## WHAT IS EXPECTED
Where an entry holds an image, skip the image but reproduce the rest word for word.

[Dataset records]
• • • • •

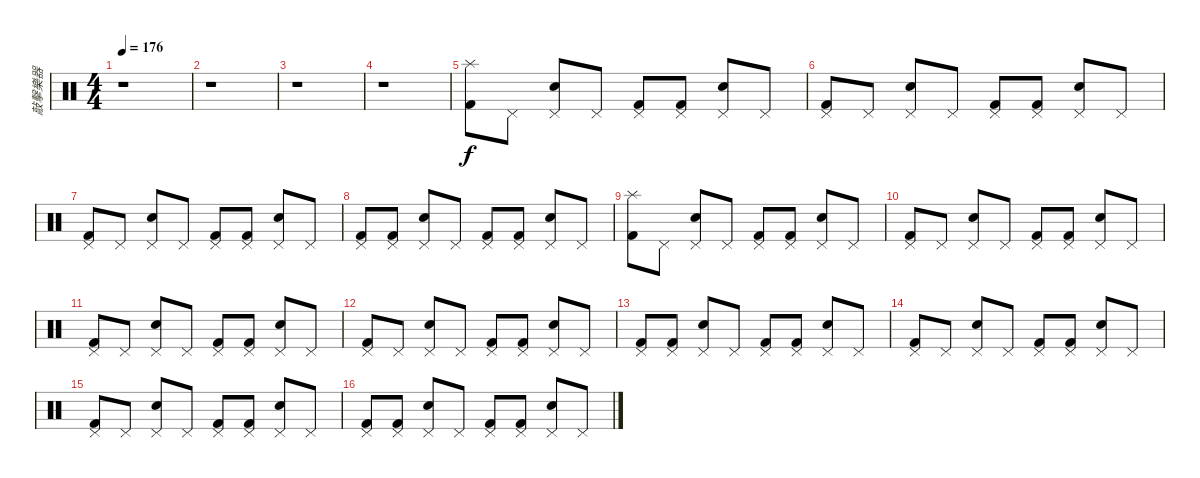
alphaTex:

\track ("敲擊樂器" "敲擊樂器") {instrument percussion}
\staff {score}
\articulation defaults
\ts (4 4)
\tempo 176
\clef neutral
\ks c
r.1{dy f} |
r.1 |
r.1 |
r.1 |
("Splash (hit)" "Kick (hit) 2").8 "Pedal Hi-Hat (hit)".8 ("Snare (hit) 2" "Pedal Hi-Hat (hit)").8 "Pedal Hi-Hat (hit)".8 ("Pedal Hi-Hat (hit)" "Kick (hit) 2").8 ("Kick (hit) 2" "Pedal Hi-Hat (hit)").8 ("Pedal Hi-Hat (hit)" "Snare (hit) 2").8 "Pedal Hi-Hat (hit)".8 |
("Pedal Hi-Hat (hit)" "Kick (hit) 2").8 "Pedal Hi-Hat (hit)".8 ("Snare (hit) 2" "Pedal Hi-Hat (hit)").8 "Pedal Hi-Hat (hit)".8 ("Pedal Hi-Hat (hit)" "Kick (hit) 2").8 ("Kick (hit) 2" "Pedal Hi-Hat (hit)").8 ("Pedal Hi-Hat (hit)" "Snare (hit) 2").8 "Pedal Hi-Hat (hit)".8 |
("Pedal Hi-Hat (hit)" "Kick (hit) 2").8 "Pedal Hi-Hat (hit)".8 ("Snare (hit) 2" "Pedal Hi-Hat (hit)").8 "Pedal Hi-Hat (hit)".8 ("Pedal Hi-Hat (hit)" "Kick (hit) 2").8 ("Kick (hit) 2" "Pedal Hi-Hat (hit)").8 ("Pedal Hi-Hat (hit)" "Snare (hit) 2").8 "Pedal Hi-Hat (hit)".8 |
("Pedal Hi-Hat (hit)" "Kick (hit) 2").8 ("Pedal Hi-Hat (hit)" "Kick (hit) 2").8 ("Snare (hit) 2" "Pedal Hi-Hat (hit)").8 "Pedal Hi-Hat (hit)".8 ("Pedal Hi-Hat (hit)" "Kick (hit) 2").8 ("Kick (hit) 2" "Pedal Hi-Hat (hit)").8 ("Pedal Hi-Hat (hit)" "Snare (hit) 2").8 "Pedal Hi-Hat (hit)".8 |
("Splash (hit)" "Kick (hit) 2").8 "Pedal Hi-Hat (hit)".8 ("Snare (hit) 2" "Pedal Hi-Hat (hit)").8 "Pedal Hi-Hat (hit)".8 ("Pedal Hi-Hat (hit)" "Kick (hit) 2").8 ("Kick (hit) 2" "Pedal Hi-Hat (hit)").8 ("Pedal Hi-Hat (hit)" "Snare (hit) 2").8 "Pedal Hi-Hat (hit)".8 |
("Pedal Hi-Hat (hit)" "Kick (hit) 2").8 "Pedal Hi-Hat (hit)".8 ("Snare (hit) 2" "Pedal Hi-Hat (hit)").8 "Pedal Hi-Hat (hit)".8 ("Pedal Hi-Hat (hit)" "Kick (hit) 2").8 ("Kick (hit) 2" "Pedal Hi-Hat (hit)").8 ("Pedal Hi-Hat (hit)" "Snare (hit) 2").8 "Pedal Hi-Hat (hit)".8 |
("Pedal Hi-Hat (hit)" "Kick (hit) 2").8 "Pedal Hi-Hat (hit)".8 ("Snare (hit) 2" "Pedal Hi-Hat (hit)").8 "Pedal Hi-Hat (hit)".8 ("Pedal Hi-Hat (hit)" "Kick (hit) 2").8 ("Kick (hit) 2" "Pedal Hi-Hat (hit)").8 ("Pedal Hi-Hat (hit)" "Snare (hit) 2").8 "Pedal Hi-Hat (hit)".8 |
("Pedal Hi-Hat (hit)" "Kick (hit) 2").8 "Pedal Hi-Hat (hit)".8 ("Snare (hit) 2" "Pedal Hi-Hat (hit)").8 "Pedal Hi-Hat (hit)".8 ("Pedal Hi-Hat (hit)" "Kick (hit) 2").8 ("Kick (hit) 2" "Pedal Hi-Hat (hit)").8 ("Pedal Hi-Hat (hit)" "Snare (hit) 2").8 "Pedal Hi-Hat (hit)".8 |
("Pedal Hi-Hat (hit)" "Kick (hit) 2").8 ("Pedal Hi-Hat (hit)" "Kick (hit) 2").8 ("Snare (hit) 2" "Pedal Hi-Hat (hit)").8 "Pedal Hi-Hat (hit)".8 ("Pedal Hi-Hat (hit)" "Kick (hit) 2").8 ("Kick (hit) 2" "Pedal Hi-Hat (hit)").8 ("Pedal Hi-Hat (hit)" "Snare (hit) 2").8 "Pedal Hi-Hat (hit)".8 |
("Pedal Hi-Hat (hit)" "Kick (hit) 2").8 "Pedal Hi-Hat (hit)".8 ("Snare (hit) 2" "Pedal Hi-Hat (hit)").8 "Pedal Hi-Hat (hit)".8 ("Pedal Hi-Hat (hit)" "Kick (hit) 2").8 ("Kick (hit) 2" "Pedal Hi-Hat (hit)").8 ("Pedal Hi-Hat (hit)" "Snare (hit) 2").8 "Pedal Hi-Hat (hit)".8 |
("Pedal Hi-Hat (hit)" "Kick (hit) 2").8 "Pedal Hi-Hat (hit)".8 ("Snare (hit) 2" "Pedal Hi-Hat (hit)").8 "Pedal Hi-Hat (hit)".8 ("Pedal Hi-Hat (hit)" "Kick (hit) 2").8 ("Kick (hit) 2" "Pedal Hi-Hat (hit)").8 ("Pedal Hi-Hat (hit)" "Snare (hit) 2").8 "Pedal Hi-Hat (hit)".8 |
("Pedal Hi-Hat (hit)" "Kick (hit) 2").8 ("Pedal Hi-Hat (hit)" "Kick (hit) 2").8 ("Snare (hit) 2" "Pedal Hi-Hat (hit)").8 "Pedal Hi-Hat (hit)".8 ("Pedal Hi-Hat (hit)" "Kick (hit) 2").8 ("Kick (hit) 2" "Pedal Hi-Hat (hit)").8 ("Pedal Hi-Hat (hit)" "Snare (hit) 2").8 "Pedal Hi-Hat (hit)".8

• • • • •

## FINAL ANSWER
alphaTex:

\track ("敲擊樂器" "敲擊樂器") {instrument percussion}
\staff {score}
\articulation defaults
\ts (4 4)
\tempo 176
\clef neutral
\ks c
r.1{dy f} |
r.1 |
r.1 |
r.1 |
("Splash (hit)" "Kick (hit) 2").8 "Pedal Hi-Hat (hit)".8 ("Snare (hit) 2" "Pedal Hi-Hat (hit)").8 "Pedal Hi-Hat (hit)".8 ("Pedal Hi-Hat (hit)" "Kick (hit) 2").8 ("Kick (hit) 2" "Pedal Hi-Hat (hit)").8 ("Pedal Hi-Hat (hit)" "Snare (hit) 2").8 "Pedal Hi-Hat (hit)".8 |
("Pedal Hi-Hat (hit)" "Kick (hit) 2").8 "Pedal Hi-Hat (hit)".8 ("Snare (hit) 2" "Pedal Hi-Hat (hit)").8 "Pedal Hi-Hat (hit)".8 ("Pedal Hi-Hat (hit)" "Kick (hit) 2").8 ("Kick (hit) 2" "Pedal Hi-Hat (hit)").8 ("Pedal Hi-Hat (hit)" "Snare (hit) 2").8 "Pedal Hi-Hat (hit)".8 |
("Pedal Hi-Hat (hit)" "Kick (hit) 2").8 "Pedal Hi-Hat (hit)".8 ("Snare (hit) 2" "Pedal Hi-Hat (hit)").8 "Pedal Hi-Hat (hit)".8 ("Pedal Hi-Hat (hit)" "Kick (hit) 2").8 ("Kick (hit) 2" "Pedal Hi-Hat (hit)").8 ("Pedal Hi-Hat (hit)" "Snare (hit) 2").8 "Pedal Hi-Hat (hit)".8 |
("Pedal Hi-Hat (hit)" "Kick (hit) 2").8 ("Pedal Hi-Hat (hit)" "Kick (hit) 2").8 ("Snare (hit) 2" "Pedal Hi-Hat (hit)").8 "Pedal Hi-Hat (hit)".8 ("Pedal Hi-Hat (hit)" "Kick (hit) 2").8 ("Kick (hit) 2" "Pedal Hi-Hat (hit)").8 ("Pedal Hi-Hat (hit)" "Snare (hit) 2").8 "Pedal Hi-Hat (hit)".8 |
("Splash (hit)" "Kick (hit) 2").8 "Pedal Hi-Hat (hit)".8 ("Snare (hit) 2" "Pedal Hi-Hat (hit)").8 "Pedal Hi-Hat (hit)".8 ("Pedal Hi-Hat (hit)" "Kick (hit) 2").8 ("Kick (hit) 2" "Pedal Hi-Hat (hit)").8 ("Pedal Hi-Hat (hit)" "Snare (hit) 2").8 "Pedal Hi-Hat (hit)".8 |
("Pedal Hi-Hat (hit)" "Kick (hit) 2").8 "Pedal Hi-Hat (hit)".8 ("Snare (hit) 2" "Pedal Hi-Hat (hit)").8 "Pedal Hi-Hat (hit)".8 ("Pedal Hi-Hat (hit)" "Kick (hit) 2").8 ("Kick (hit) 2" "Pedal Hi-Hat (hit)").8 ("Pedal Hi-Hat (hit)" "Snare (hit) 2").8 "Pedal Hi-Hat (hit)".8 |
("Pedal Hi-Hat (hit)" "Kick (hit) 2").8 "Pedal Hi-Hat (hit)".8 ("Snare (hit) 2" "Pedal Hi-Hat (hit)").8 "Pedal Hi-Hat (hit)".8 ("Pedal Hi-Hat (hit)" "Kick (hit) 2").8 ("Kick (hit) 2" "Pedal Hi-Hat (hit)").8 ("Pedal Hi-Hat (hit)" "Snare (hit) 2").8 "Pedal Hi-Hat (hit)".8 |
("Pedal Hi-Hat (hit)" "Kick (hit) 2").8 "Pedal Hi-Hat (hit)".8 ("Snare (hit) 2" "Pedal Hi-Hat (hit)").8 "Pedal Hi-Hat (hit)".8 ("Pedal Hi-Hat (hit)" "Kick (hit) 2").8 ("Kick (hit) 2" "Pedal Hi-Hat (hit)").8 ("Pedal Hi-Hat (hit)" "Snare (hit) 2").8 "Pedal Hi-Hat (hit)".8 |
("Pedal Hi-Hat (hit)" "Kick (hit) 2").8 ("Pedal Hi-Hat (hit)" "Kick (hit) 2").8 ("Snare (hit) 2" "Pedal Hi-Hat (hit)").8 "Pedal Hi-Hat (hit)".8 ("Pedal Hi-Hat (hit)" "Kick (hit) 2").8 ("Kick (hit) 2" "Pedal Hi-Hat (hit)").8 ("Pedal Hi-Hat (hit)" "Snare (hit) 2").8 "Pedal Hi-Hat (hit)".8 |
("Pedal Hi-Hat (hit)" "Kick (hit) 2").8 "Pedal Hi-Hat (hit)".8 ("Snare (hit) 2" "Pedal Hi-Hat (hit)").8 "Pedal Hi-Hat (hit)".8 ("Pedal Hi-Hat (hit)" "Kick (hit) 2").8 ("Kick (hit) 2" "Pedal Hi-Hat (hit)").8 ("Pedal Hi-Hat (hit)" "Snare (hit) 2").8 "Pedal Hi-Hat (hit)".8 |
("Pedal Hi-Hat (hit)" "Kick (hit) 2").8 "Pedal Hi-Hat (hit)".8 ("Snare (hit) 2" "Pedal Hi-Hat (hit)").8 "Pedal Hi-Hat (hit)".8 ("Pedal Hi-Hat (hit)" "Kick (hit) 2").8 ("Kick (hit) 2" "Pedal Hi-Hat (hit)").8 ("Pedal Hi-Hat (hit)" "Snare (hit) 2").8 "Pedal Hi-Hat (hit)".8 |
("Pedal Hi-Hat (hit)" "Kick (hit) 2").8 ("Pedal Hi-Hat (hit)" "Kick (hit) 2").8 ("Snare (hit) 2" "Pedal Hi-Hat (hit)").8 "Pedal Hi-Hat (hit)".8 ("Pedal Hi-Hat (hit)" "Kick (hit) 2").8 ("Kick (hit) 2" "Pedal Hi-Hat (hit)").8 ("Pedal Hi-Hat (hit)" "Snare (hit) 2").8 "Pedal Hi-Hat (hit)".8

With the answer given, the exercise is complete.